[[ Exercise data, beginning ]]
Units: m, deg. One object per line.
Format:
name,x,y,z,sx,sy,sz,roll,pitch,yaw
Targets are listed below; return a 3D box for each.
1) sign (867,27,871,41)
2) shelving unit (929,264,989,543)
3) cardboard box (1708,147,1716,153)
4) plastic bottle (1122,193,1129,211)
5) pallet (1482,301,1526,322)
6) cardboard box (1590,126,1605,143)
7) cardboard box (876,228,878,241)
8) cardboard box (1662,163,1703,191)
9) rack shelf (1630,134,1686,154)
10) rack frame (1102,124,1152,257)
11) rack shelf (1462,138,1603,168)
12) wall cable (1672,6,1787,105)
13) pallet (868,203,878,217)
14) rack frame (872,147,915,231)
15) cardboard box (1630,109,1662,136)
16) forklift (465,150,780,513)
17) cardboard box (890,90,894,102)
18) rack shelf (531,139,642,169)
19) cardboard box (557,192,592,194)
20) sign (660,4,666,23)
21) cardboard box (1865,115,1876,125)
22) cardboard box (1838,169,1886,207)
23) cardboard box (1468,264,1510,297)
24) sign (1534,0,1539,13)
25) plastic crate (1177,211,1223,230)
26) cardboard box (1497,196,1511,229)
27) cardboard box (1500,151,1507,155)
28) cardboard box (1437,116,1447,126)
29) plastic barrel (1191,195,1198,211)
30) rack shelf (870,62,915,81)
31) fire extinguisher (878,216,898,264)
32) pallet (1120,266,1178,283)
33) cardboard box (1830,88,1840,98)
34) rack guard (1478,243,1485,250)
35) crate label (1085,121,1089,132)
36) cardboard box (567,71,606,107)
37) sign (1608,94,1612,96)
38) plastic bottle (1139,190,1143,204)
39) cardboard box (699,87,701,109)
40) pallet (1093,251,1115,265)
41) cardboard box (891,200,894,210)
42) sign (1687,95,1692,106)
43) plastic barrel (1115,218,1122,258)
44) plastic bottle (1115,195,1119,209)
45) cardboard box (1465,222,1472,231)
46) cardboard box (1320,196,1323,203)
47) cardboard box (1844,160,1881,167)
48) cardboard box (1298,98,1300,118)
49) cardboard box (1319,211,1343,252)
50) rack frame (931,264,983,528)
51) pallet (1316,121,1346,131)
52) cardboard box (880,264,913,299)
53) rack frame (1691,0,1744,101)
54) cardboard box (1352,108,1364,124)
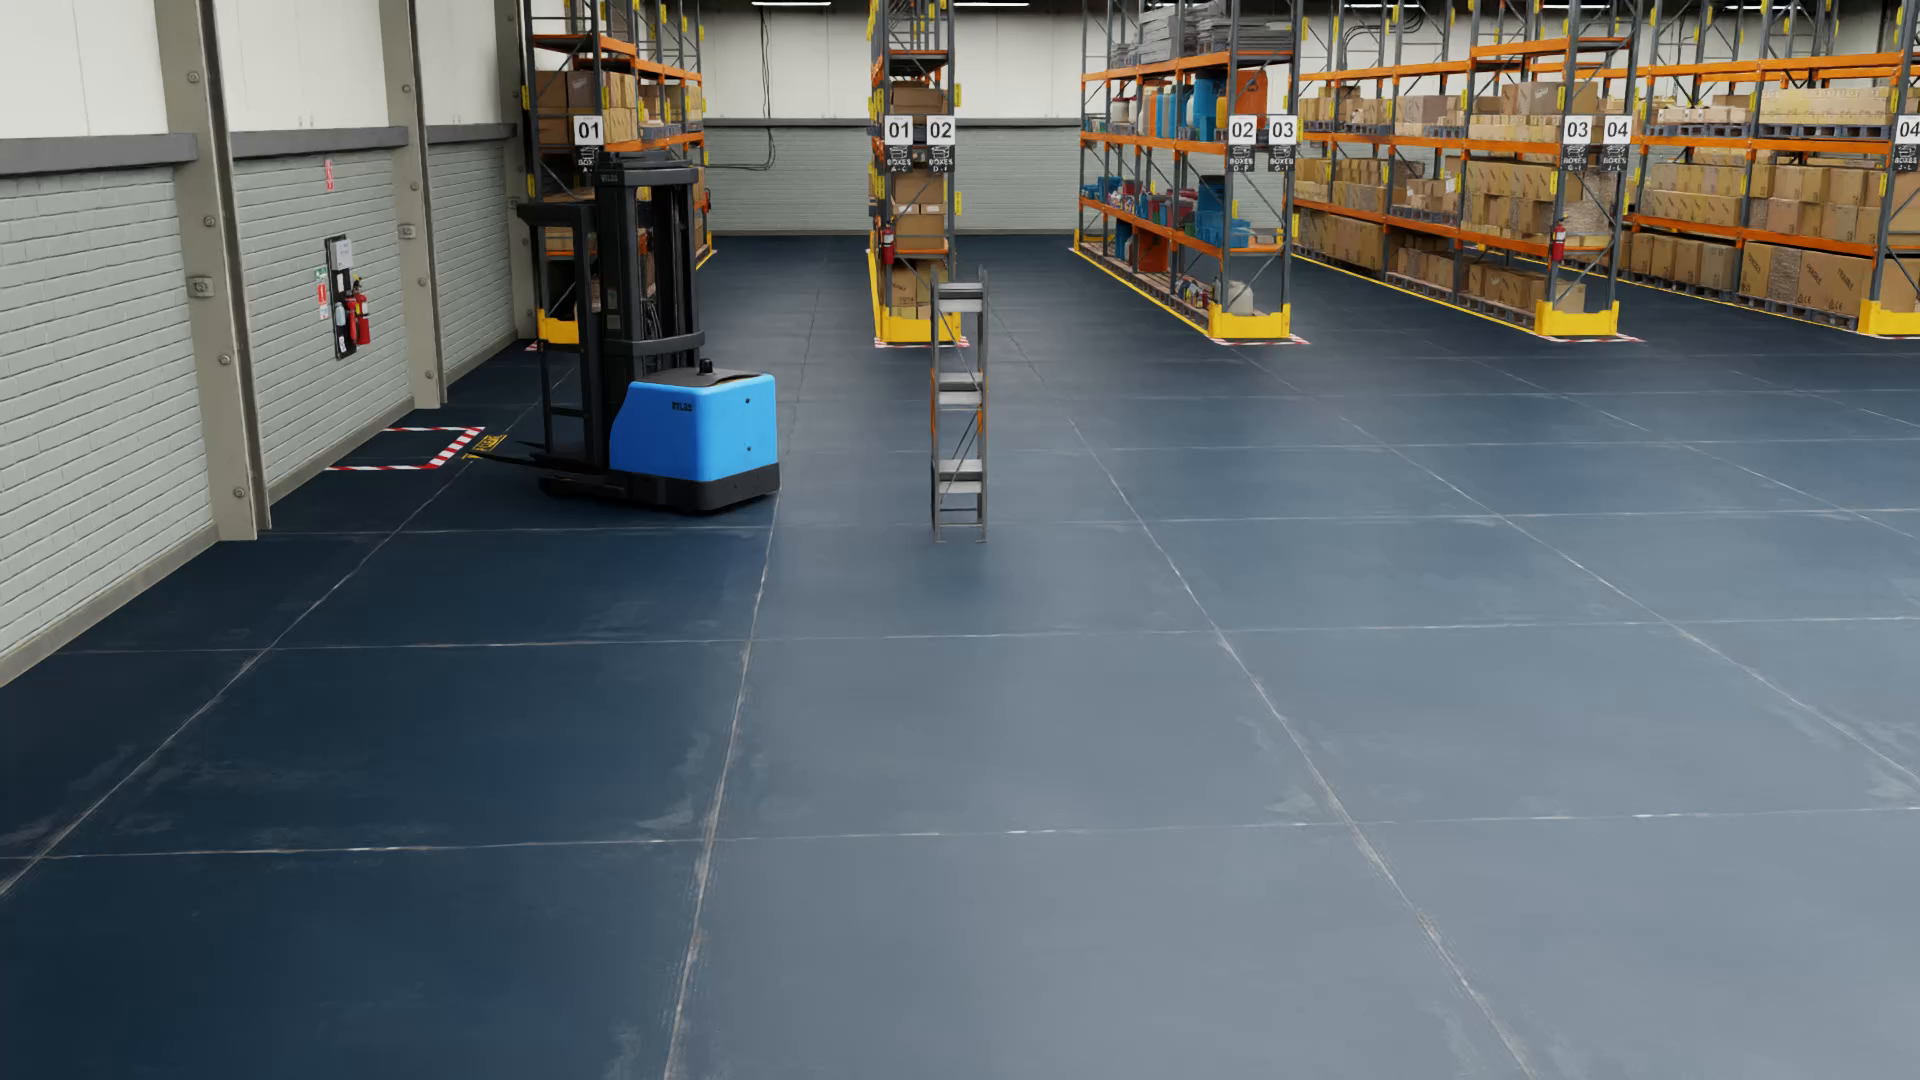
sign,-2.116,-11.768,38.670,0.100,0.325,0.005,-1,14,-3
shelving unit,-0.010,-1.058,12.925,0.431,2.100,0.503,-1,14,-3
cardboard box,17.973,-9.243,39.423,0.380,0.149,0.250,-1,14,-5
plastic bottle,3.375,-6.860,33.770,0.144,0.351,0.185,-1,14,-3
pallet,9.212,-3.726,27.086,1.003,0.211,1.213,-1,14,-3
cardboard box,9.532,-6.057,24.827,0.500,0.250,0.500,0,14,-2
cardboard box,-1.446,-6.253,33.939,0.500,0.250,0.500,-1,14,-4
cardboard box,13.816,-6.889,31.574,0.700,0.500,0.500,-1,14,-4
rack shelf,13.641,-8.195,34.283,1.077,0.370,4.000,-1,14,-3
rack frame,3.617,-7.461,36.003,1.000,3.000,0.127,-1,14,-3
rack shelf,9.180,-6.154,26.350,1.077,0.370,4.000,-1,14,-3
wall cable,21.104,-13.063,45.664,2.988,3.039,0.133,-1,14,-3
pallet,-1.191,-6.465,32.518,1.213,0.211,1.003,-1,14,-3
rack frame,-1.575,-8.380,39.576,1.000,3.000,0.127,-1,14,-3
cardboard box,13.476,-8.233,32.784,0.500,0.500,0.500,-1,14,-3
forklift,-3.093,-1.893,14.502,3.031,2.935,1.130,9,17,30
cardboard box,-0.855,-6.758,25.921,0.797,0.503,0.637,1,14,3
rack shelf,-5.651,-5.925,25.459,1.077,0.370,4.000,-1,14,-3
cardboard box,-5.826,-4.991,25.162,0.500,0.500,0.500,-1,14,-5
sign,-5.482,-9.720,30.711,0.100,0.325,0.005,-1,14,-3
cardboard box,13.887,-6.327,25.039,0.380,0.149,0.250,-1,14,-3
cardboard box,14.151,-5.428,25.635,0.875,0.550,0.550,-1,14,-3
cardboard box,9.041,-4.440,28.438,0.500,0.500,0.500,-1,14,-5
sign,9.599,-8.947,27.709,0.100,0.325,0.005,-1,14,-3
plastic crate,4.019,-5.309,27.765,0.767,0.338,0.504,-1,14,-3
cardboard box,9.140,-5.254,26.631,0.875,0.500,0.500,-1,14,-3
cardboard box,13.070,-9.019,39.255,0.500,0.500,0.500,0,14,-2
cardboard box,8.841,-7.555,29.977,0.380,0.166,0.250,-1,14,-5
plastic barrel,4.273,-5.778,29.191,0.433,0.535,0.433,0,14,0
rack shelf,-1.451,-10.438,36.985,1.077,0.370,4.000,-1,14,-3
fire extinguisher,-1.039,-4.327,23.978,0.296,0.674,0.183,-1,14,-3
pallet,3.775,-5.311,33.244,1.003,0.211,1.213,-1,14,-3
cardboard box,13.823,-6.968,25.929,0.380,0.149,0.250,-1,14,-4
rack guard,13.274,-7.354,40.605,1.175,0.500,0.348,-1,14,-3
crate label,3.104,-9.602,38.603,0.408,0.251,0.502,-1,14,-3
cardboard box,-5.309,-6.418,23.683,0.500,0.500,0.500,-2,15,-7
sign,14.071,-9.492,36.050,0.100,0.325,0.005,-1,14,-3
plastic bottle,3.857,-7.211,35.132,0.144,0.351,0.185,-1,14,-3
cardboard box,-6.201,-10.120,38.071,0.500,0.500,0.500,-1,14,-4
pallet,3.533,-6.292,37.059,1.003,0.211,1.213,-1,14,-3
cardboard box,-0.861,-5.112,25.372,0.380,0.149,0.250,0,14,-2
sign,17.650,-10.592,40.241,0.100,0.325,0.005,-1,14,-3
plastic barrel,3.634,-6.512,35.686,0.600,0.901,0.708,-1,14,-3
plastic bottle,3.323,-7.049,34.653,0.152,0.276,0.135,-1,14,-3
cardboard box,8.772,-5.305,28.131,0.380,0.149,0.250,-1,14,-3
cardboard box,8.199,-7.550,36.856,0.380,0.149,0.250,-1,14,-2
cardboard box,18.367,-7.480,33.871,0.500,0.500,0.500,-1,14,-2
cardboard box,8.399,-10.156,39.216,0.700,0.500,0.500,-2,15,-7
cardboard box,8.600,-6.877,37.156,0.875,0.875,0.875,-1,14,-3
rack frame,-0.025,-1.119,13.161,0.400,2.100,0.015,-1,14,-3
pallet,8.521,-9.150,36.729,1.003,0.211,1.213,-1,14,-3
cardboard box,-0.990,-4.013,25.774,0.500,0.500,0.500,-1,14,-3
rack frame,18.204,-11.590,40.014,1.000,3.000,0.127,-1,14,-3
cardboard box,8.539,-8.876,34.820,0.500,0.311,0.500,-1,14,-5
[[ Exercise data, end ]]
→ Task instructions
In the listing above, locate the line containing "44) plastic bottle (1115,195,1119,209)" and the line containing "53) rack frame (1691,0,1744,101)". Transcribe those two lines and everything between them, exactly as written.

→ Exercise response
44) plastic bottle (1115,195,1119,209)
45) cardboard box (1465,222,1472,231)
46) cardboard box (1320,196,1323,203)
47) cardboard box (1844,160,1881,167)
48) cardboard box (1298,98,1300,118)
49) cardboard box (1319,211,1343,252)
50) rack frame (931,264,983,528)
51) pallet (1316,121,1346,131)
52) cardboard box (880,264,913,299)
53) rack frame (1691,0,1744,101)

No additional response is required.